Consider these statistics:
• The violent crime rate in Indian country is nearly twice the national average and more than 20 times the national average on some Indian reservations.
• Thirty-four percent of Indian and Alaska Native women will be raped in their lifetimes, and 39 percent of Indian and Alaska Native women will be subject to domestic violence.
• Alcohol and drug abuse are factors in more than 80 percent of crimes committed in tribal communities.
These have become facts too easily accepted in Indian Country.
We shrug our shoulders when hard-drinking husbands abuse and murder their wives. We shake our heads and then try to forget it when we're told yet another child has been sexually abused or has died in a car accident. We grit our teeth but do nothing when yet another perpitrator of a violent act walks away with nothing more than a wrist slap.
When will justice return to our Native communities?
Justice, that prodigal father whose presence once warmed our villages and reassured our ancestors that even the slightest of trespasses would be addressed.
At what point did fear and chaos take hold of our families and reservations, threatening to forever hold us and our children in its icy grip?
In the end, it matters little the name of the historical tragedy that has led us to our current state of lawlessness. All that matters is where we go from here.
One lawmaker would like to help us get where we're going.

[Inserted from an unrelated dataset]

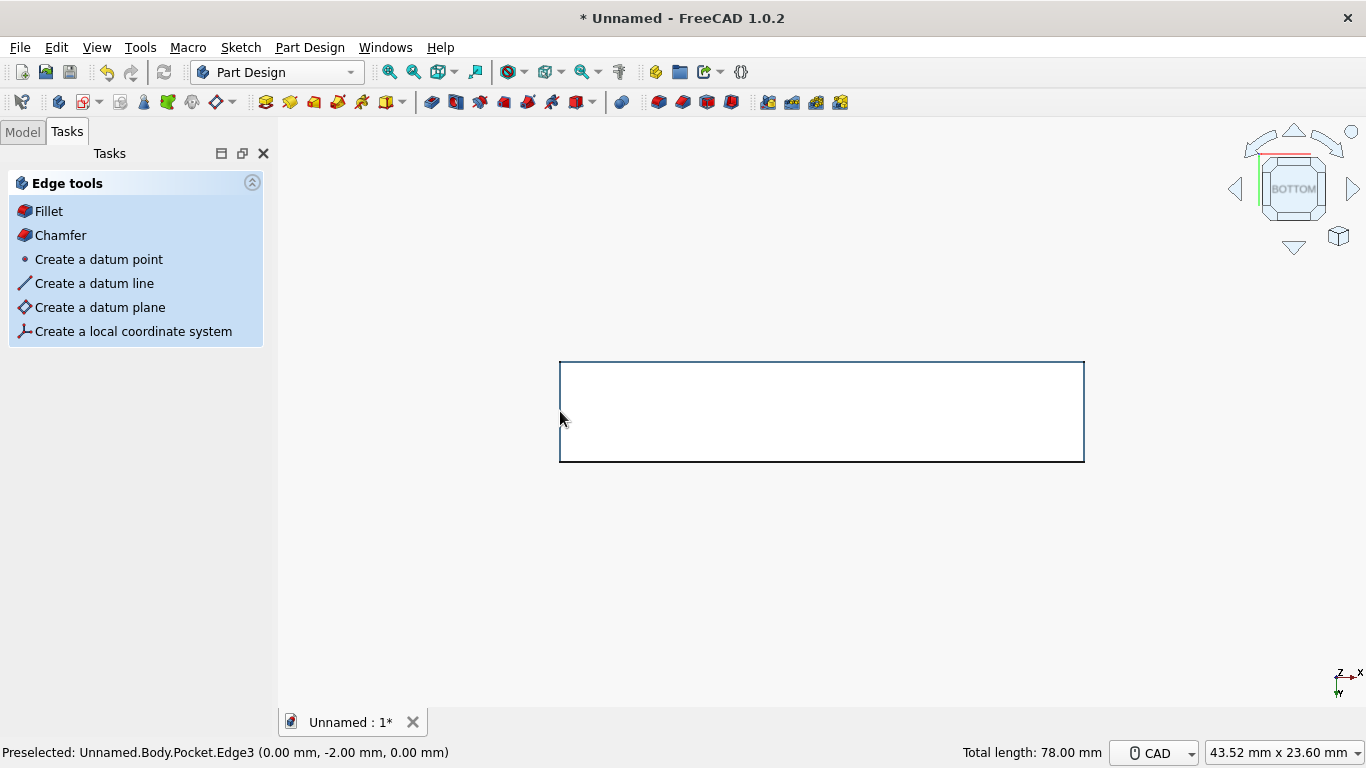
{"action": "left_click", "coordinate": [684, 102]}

Last week, Sen. Byron Dorgan (D-ND) introduced the Tribal Law and Order Act, a bill he hopes will address chronic underfunding of tribal law and justice programs and the "broken, divided system for policing Indian lands" that he sees as the cause of epidemic levels of violent crime on reservations.
"American Indians deserve to feel safe in their homes, and safe in their communities, and the federal government has treaty and trust obligations that are supposed to see that they do," Dorgan said. "This legislation will not solve every problem overnight, but it is an important effort to significantly change things for the better in many communities."
Then on Monday, the Department of Justice announced plans to distribute more than $248 million in economic stimulus funds to tribes for criminal justice programs. The money is to be directed to tribal correctional facilities, domestic violence and sexual assault programs and other tribal programs.
Increased tribal law enforcement and justice funds and efforts to address the jurisdictional nightmare that plagues many reservations are much needed steps toward bringing order back to tribal communities.
That said, government programs can only go so far in addressing the root causes of our violence-sick reservations.
The real answer to that, I believe, lies within each of us.
It's up to every Native man, woman and child to find the light within ourselves and the will to lead ourselves out of the darkness of addiction, depression and trauma.
Because only then can we find the strength to repair our broken homes and communities.